When reports came in that “Tenet” had made $20 million at the domestic box office, the conversation obviously focused on how difficult it is to analyze the performance of a $200 million-budgeted blockbuster in the middle of a pandemic. But soon it came clear that the numbers weren’t what they seem. It seems like Warner Bros. is refusing to share any more box office details than the film’s first opening weekend gross, and it even included the previous that started out nearly a week before opening night.
As Variety reports, box office analysts noted a “surprising lack of transparency” surrounding the box office for Christopher Nolan‘s “Tenet,” especially a complete lack of daily numbers, with the studio first reporting opening weekend numbers on Sunday, September 6 instead of the usual early estimates on Friday.

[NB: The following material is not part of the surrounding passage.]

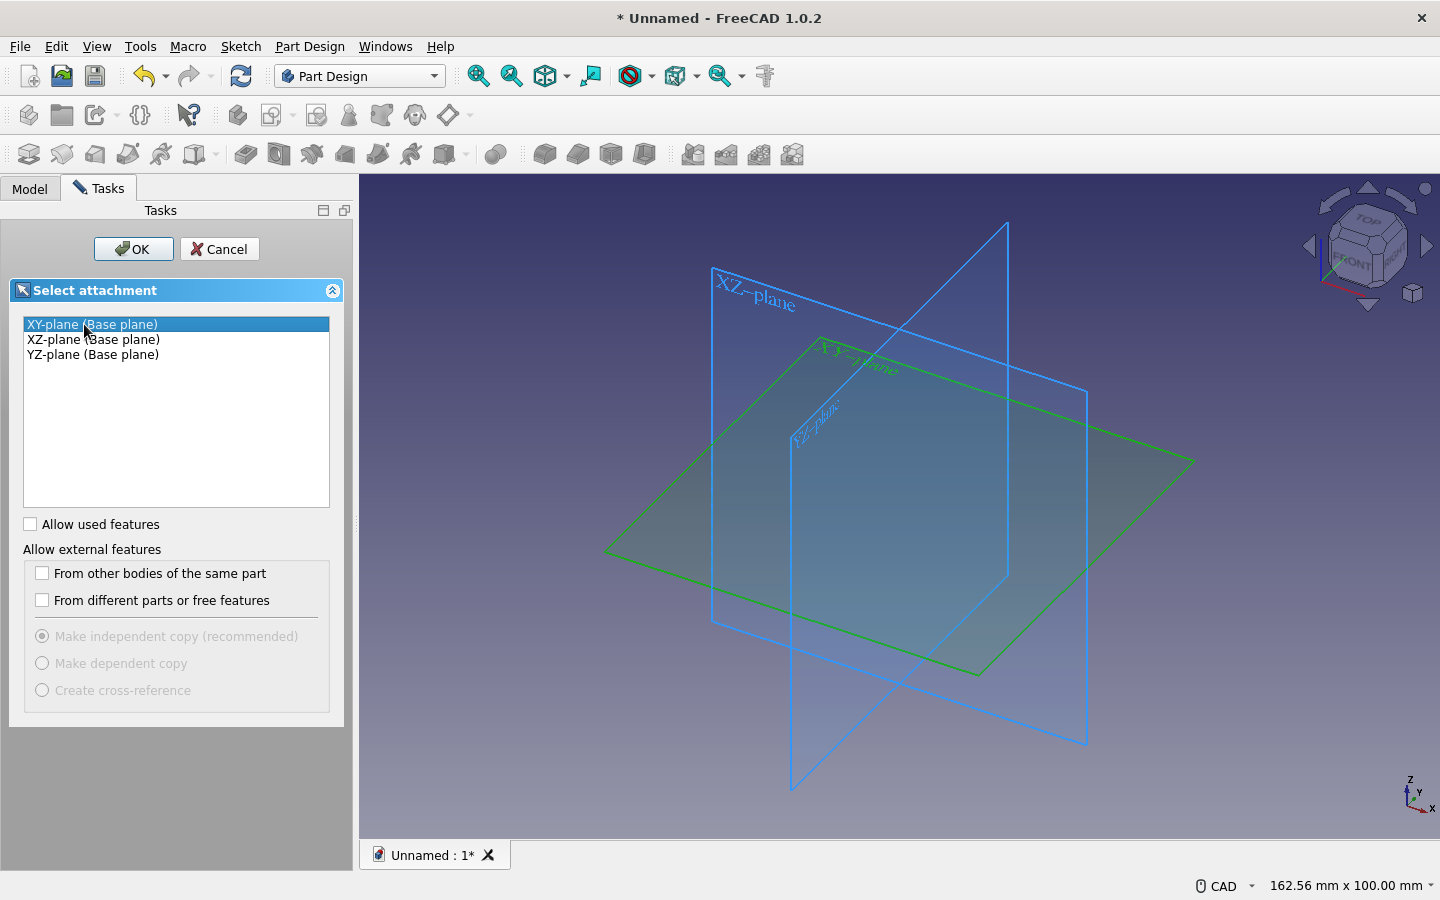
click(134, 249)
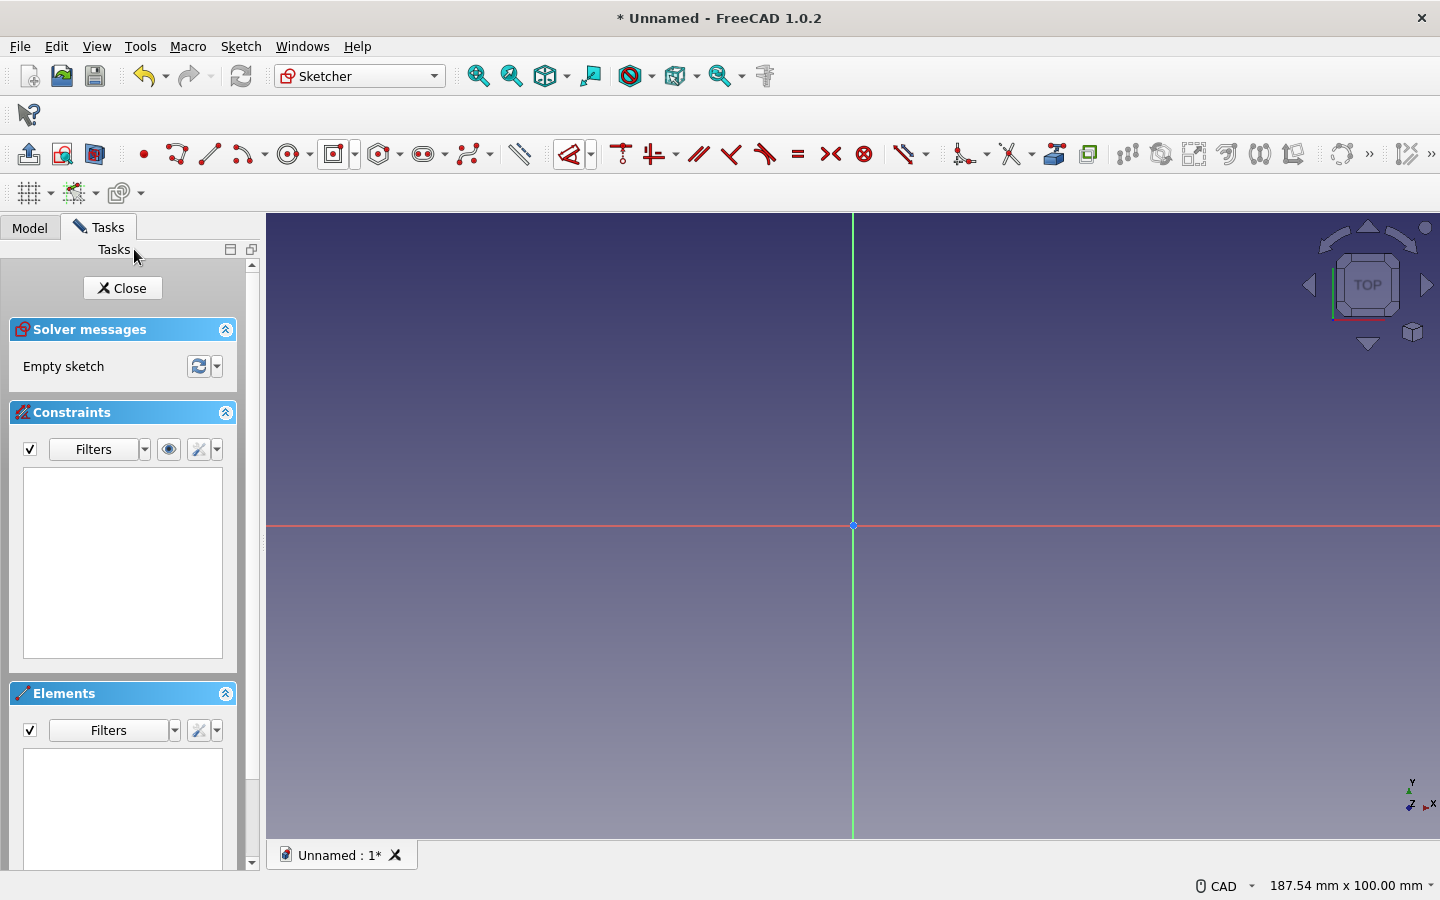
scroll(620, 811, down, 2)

As Deadline estimates, the actual 4-day opening weekend domestic gross for “Tenet” is around $12 million, barely above half of what was originally reported.
As the Deadline report indicates, last week’s opening weekend box office report for “Tenet” will only bring more trouble this weekend. If “Tenet” makes $7.5 million this weekend, then that would mean a massive 62% second weekend drop if we continue to go by the incorrect $20 million opening weekend gross rather than a 33% drop from the estimated $12 million.

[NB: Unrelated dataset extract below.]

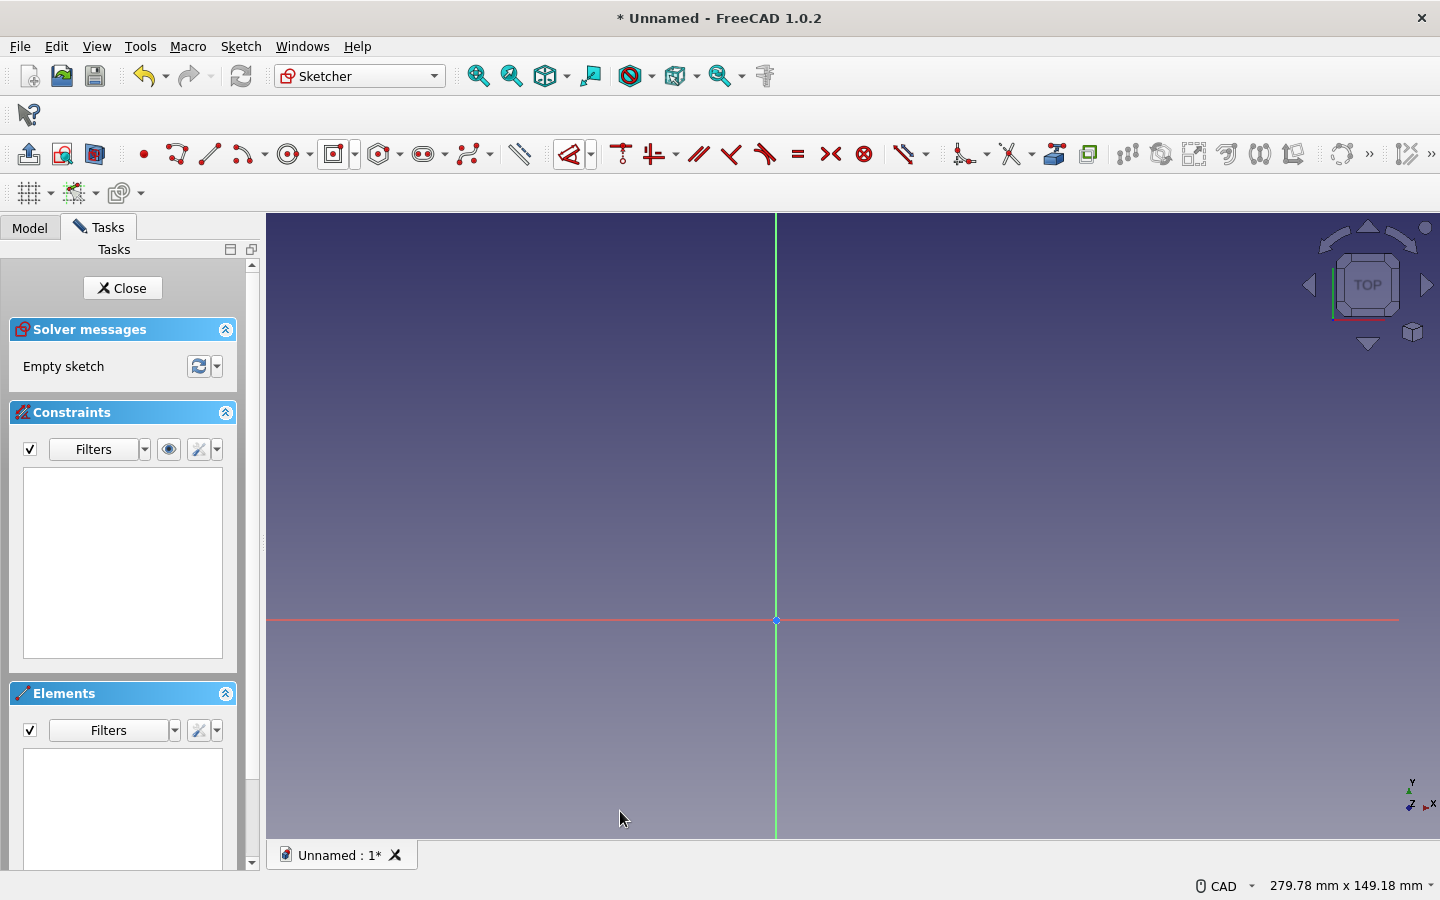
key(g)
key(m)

The Variety report adds that, where usually research companies report daily numbers and get access to a film’s grosses by the hour, Warner Bros. agreed only to give out daily numbers for the first weekend of Nolan’s latest “as a courtesy.”

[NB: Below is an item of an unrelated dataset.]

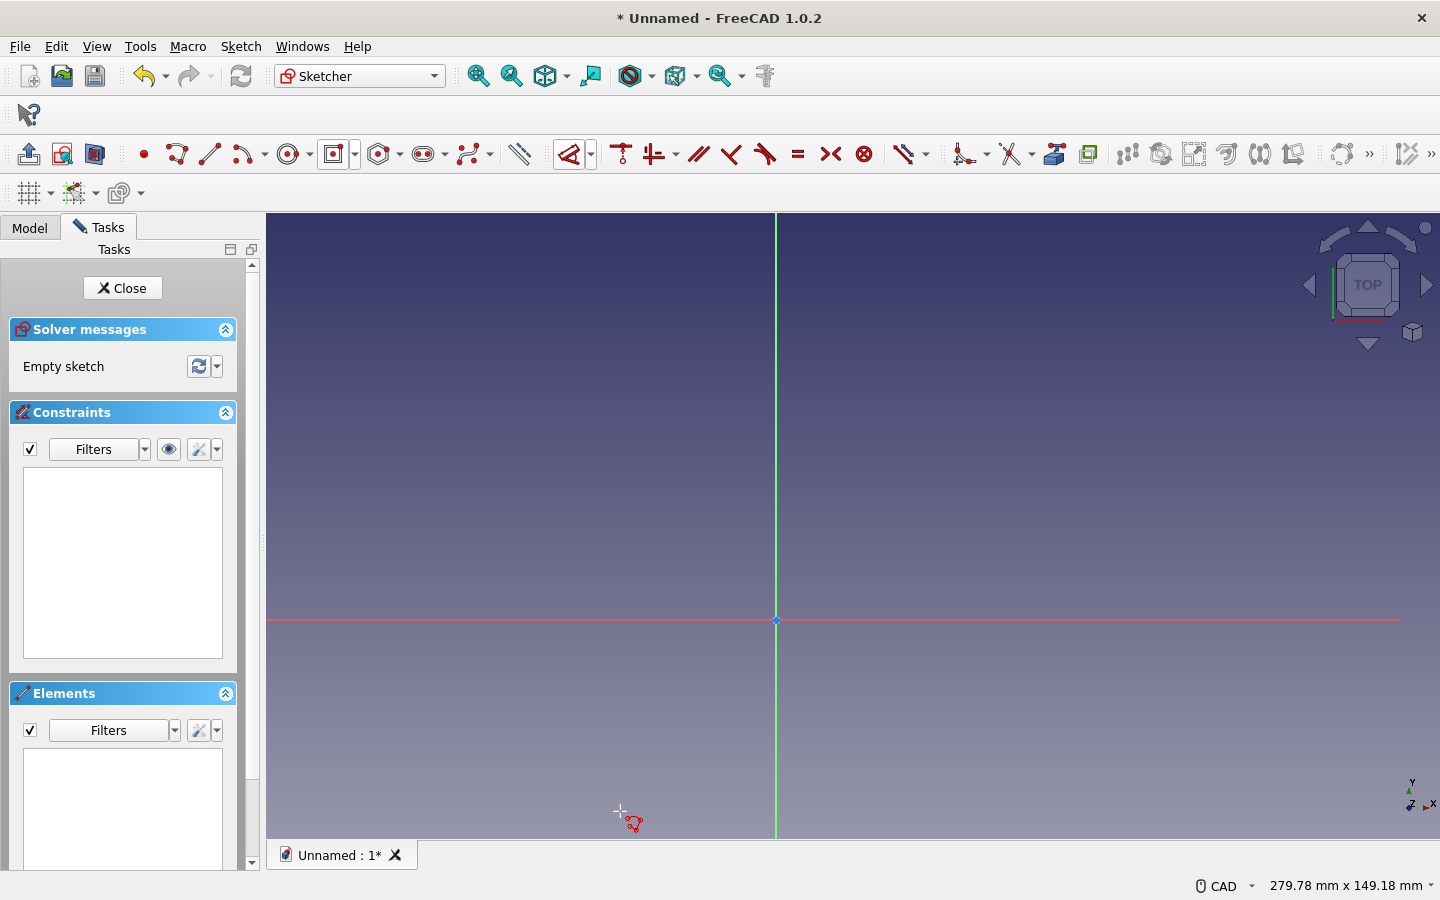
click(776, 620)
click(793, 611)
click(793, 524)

Given how many eyes are on “Tenet” and especially its box office results, it’s possible that the lack of transparency could become a trend as more big movies open in theaters during the pandemic. Since it’s safe to assume no movie will earn as much as they would have pre-pandemic, studios may be more than happy to avoid having to include a disclaimer next to every box office report and simply stop reporting their grosses.
Netflix has never really reported specific numbers, and reporters have been forced to simply take the streaming giant’s word for it whenever a new Adam Sandler movie becomes their biggest hit ever, maybe studios will be next.